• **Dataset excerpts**
"""
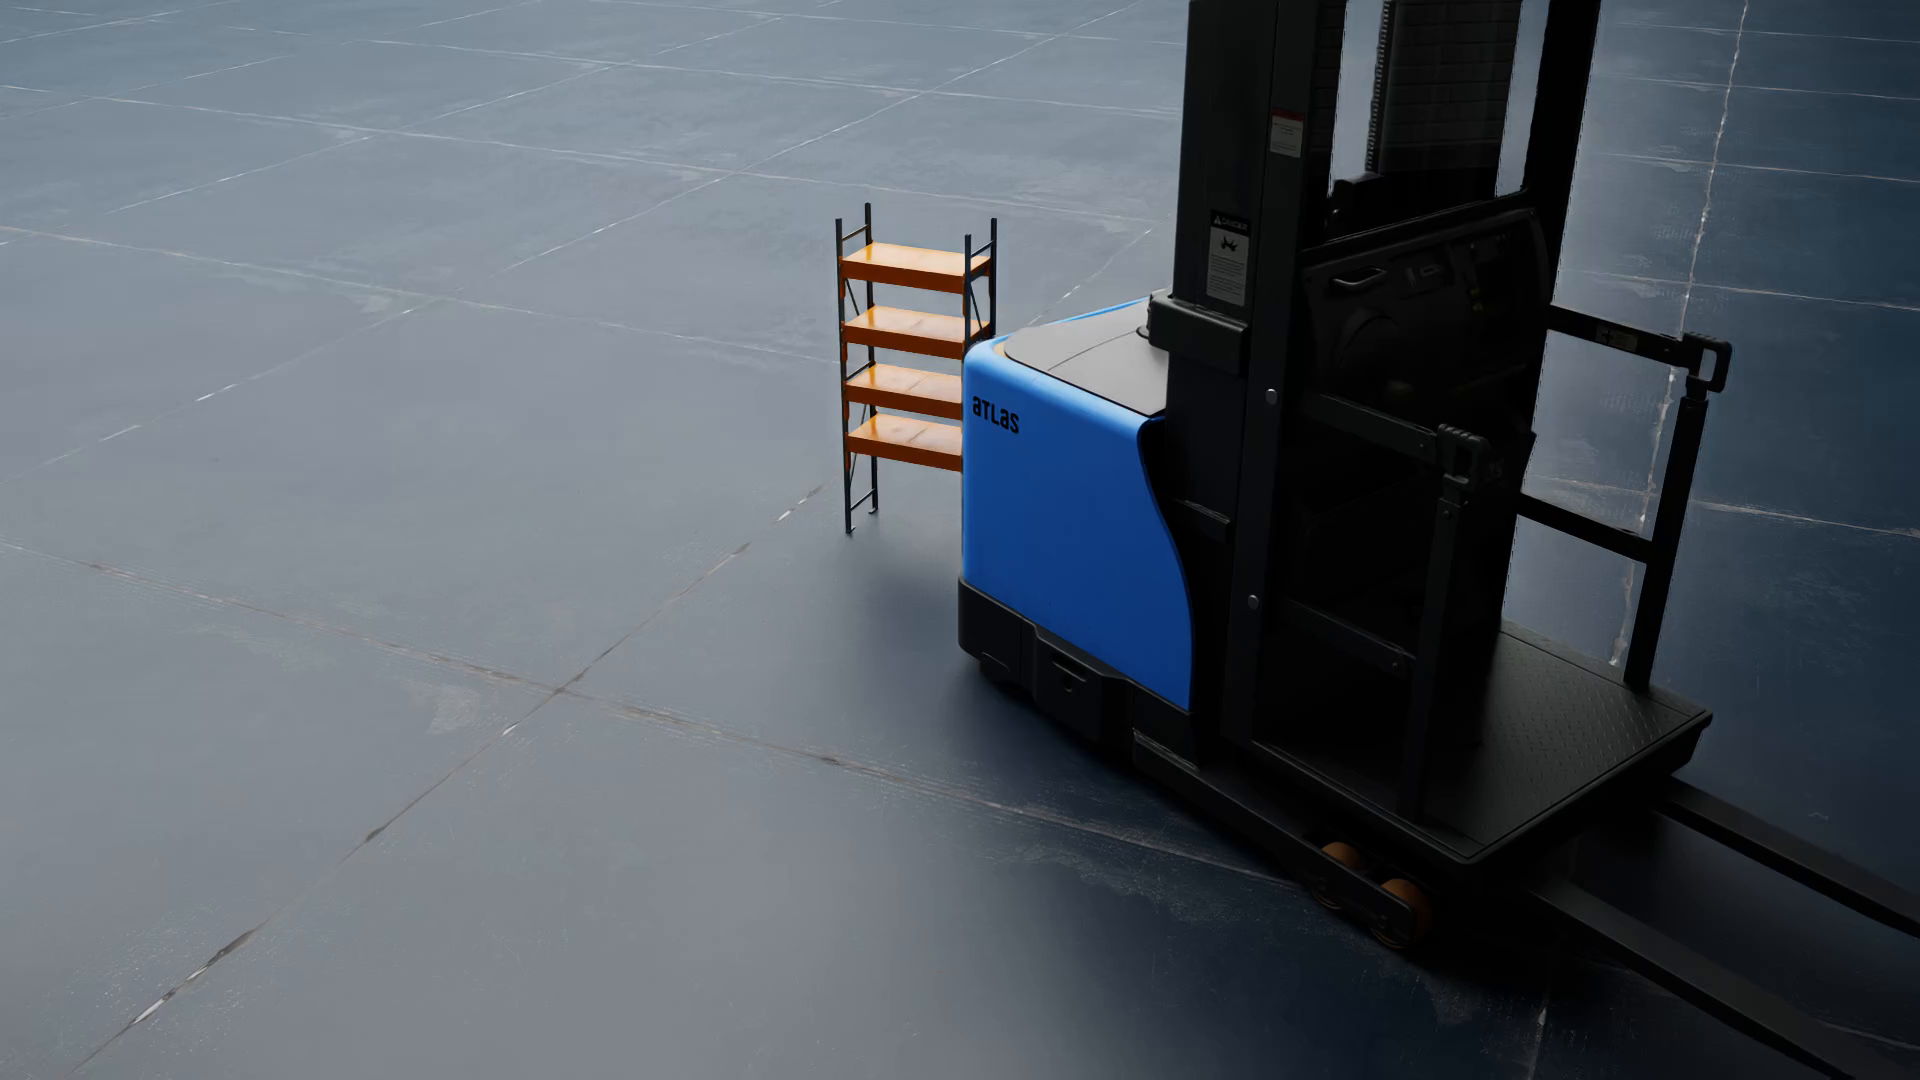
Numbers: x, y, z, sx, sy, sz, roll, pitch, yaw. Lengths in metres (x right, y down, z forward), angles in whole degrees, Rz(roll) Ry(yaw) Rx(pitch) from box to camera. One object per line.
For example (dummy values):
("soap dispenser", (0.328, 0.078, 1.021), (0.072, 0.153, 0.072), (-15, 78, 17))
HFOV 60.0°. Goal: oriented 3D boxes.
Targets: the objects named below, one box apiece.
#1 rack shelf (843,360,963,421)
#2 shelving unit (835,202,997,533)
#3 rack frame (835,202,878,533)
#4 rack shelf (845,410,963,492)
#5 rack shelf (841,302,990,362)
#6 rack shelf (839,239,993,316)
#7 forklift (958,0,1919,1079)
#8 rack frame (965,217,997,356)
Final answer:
"""
• **Exercise prompt**
Retype the lines above without alteration. The first is the one containing "HFOV 60.0°. Goal: oriented 3D boxes.", and the last is the final line of the data.

• **Result for this exercise**
HFOV 60.0°. Goal: oriented 3D boxes.
Targets: the objects named below, one box apiece.
#1 rack shelf (843,360,963,421)
#2 shelving unit (835,202,997,533)
#3 rack frame (835,202,878,533)
#4 rack shelf (845,410,963,492)
#5 rack shelf (841,302,990,362)
#6 rack shelf (839,239,993,316)
#7 forklift (958,0,1919,1079)
#8 rack frame (965,217,997,356)
Final answer:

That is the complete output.